Independent ISD PHA. This type of a review — also a team activity — focuses on specific hazards associated with the process and applies ISD strategies (substitute, minimize, moderate, simplify) to identify ways of eliminating or minimizing them. It uses one of the standard PHA tools (e.g., What If, Hazop) to pinpoint hazards but team discussion centers on ISD considerations. If, for example, the team finds a runaway exothermic reaction caused by water contamination in a batch reactor to be a hazard, it would look for opportunities to eliminate or reduce this risk. Some considerations might include:
• Substitute — using a non-reactive coolant in reactor coils instead of water;
• Minimize — removing all direct water connections to the inside of the reactor (for example, those to add water for reactor cleaning during shutdowns);
• Moderate — evaluating chemistry or solvent alternatives that might reduce sensitivity of the reaction mixture to water contamination; and
• Simplify — eliminating complex piping in the raw-material supply headers that increases potential for accidentally connecting water to the reactor.

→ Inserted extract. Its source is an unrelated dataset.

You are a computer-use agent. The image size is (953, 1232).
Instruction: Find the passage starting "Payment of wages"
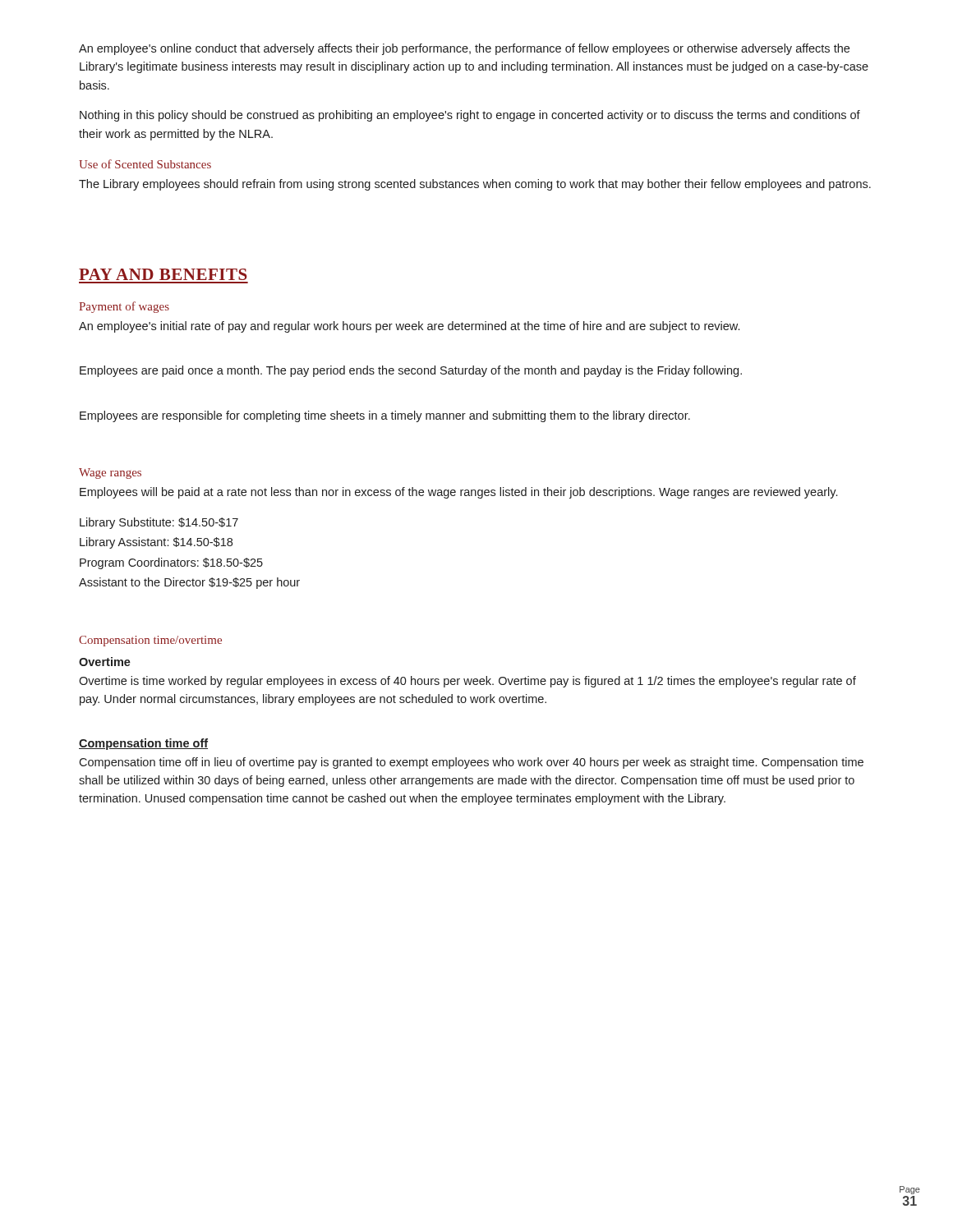[124, 306]

CCPS has published another useful tool for consideration of ISD . This book provides a series of tables of potential failure mechanisms for a wide range of process equipment and identifies potential design solutions, including inherent, passive, active and procedural approaches to managing risk.

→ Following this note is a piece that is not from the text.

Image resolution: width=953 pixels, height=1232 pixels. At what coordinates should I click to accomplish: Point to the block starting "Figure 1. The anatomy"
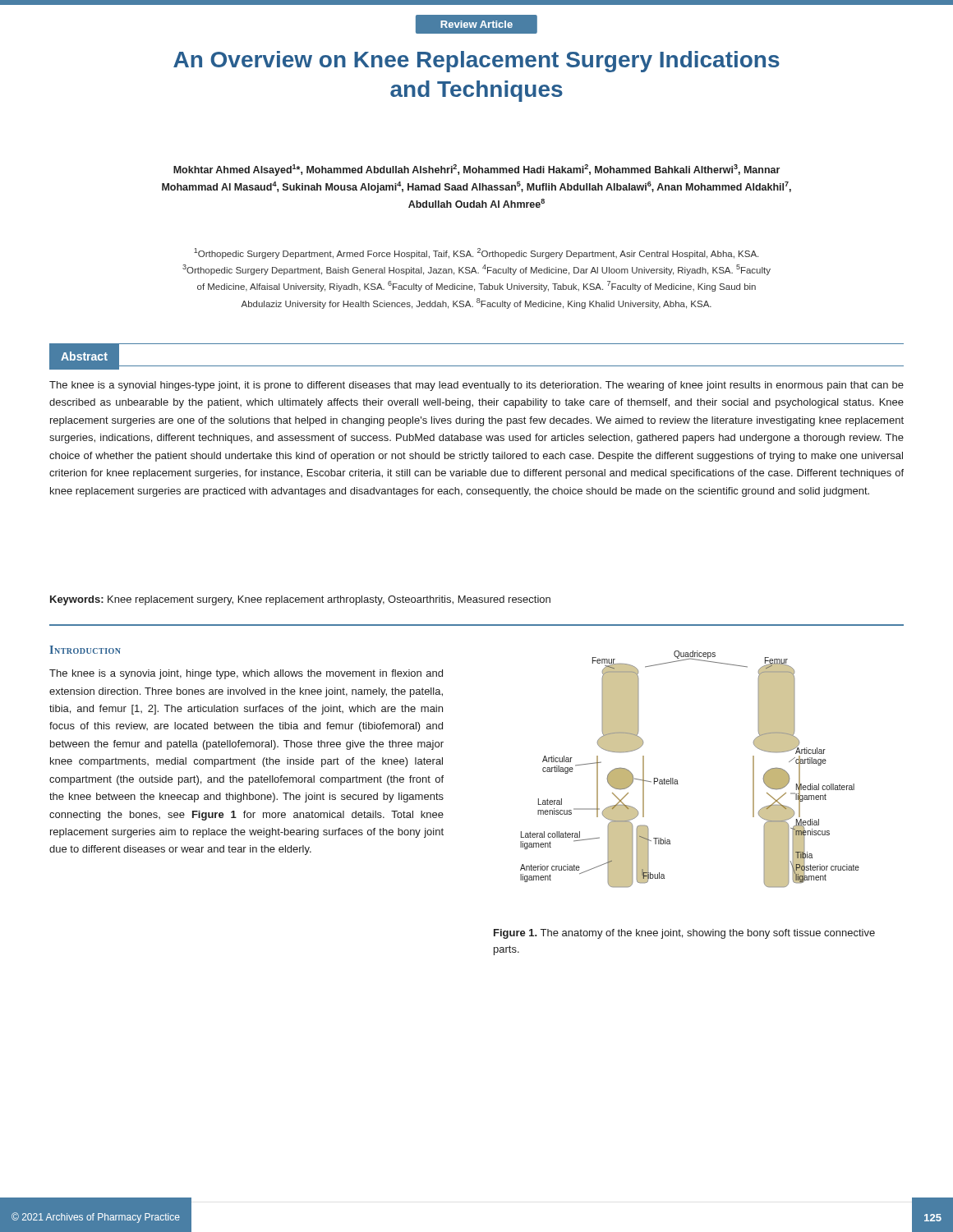click(684, 941)

Plant PHA incorporating ISDMy personal preference is to minimize (an ISD strategy!) the proliferation of process reviews that seem to be required by the many demands being made on plant designers and operators. Plants are asked to do PHA, reliability and maintenance evaluations, ISO certification reviews, and now it's suggested (or required in some jurisdictions) ISD studies. Many of these use similar techniques. Combining them as much as possible increases efficiency and yields a better review. All reviews aim to accomplish the same thing — excellence in manufacturing, which includes best possible safety, environmental performance, product quality, productivity, plant reliability and profitability. These multiple demands often result in design or operational changes that improve performance in several areas simultaneously — e.g., a change boosting reliability and profitability also may enhance safety. But this isn't necessarily always true. For example, collecting contaminated process vent gas from various pieces of equipment for treatment by a thermal oxidizer before discharge to the atmosphere may bolster environmental performance but introduce a safety hazard — a potential explosion in the vent gas collection system if organic material concentration is within flammable limits and an ignition source is present. So, it makes sense to consider as many of the competing performance demands as possible with a team having a broad understanding of the benefits and costs in all important performance areas.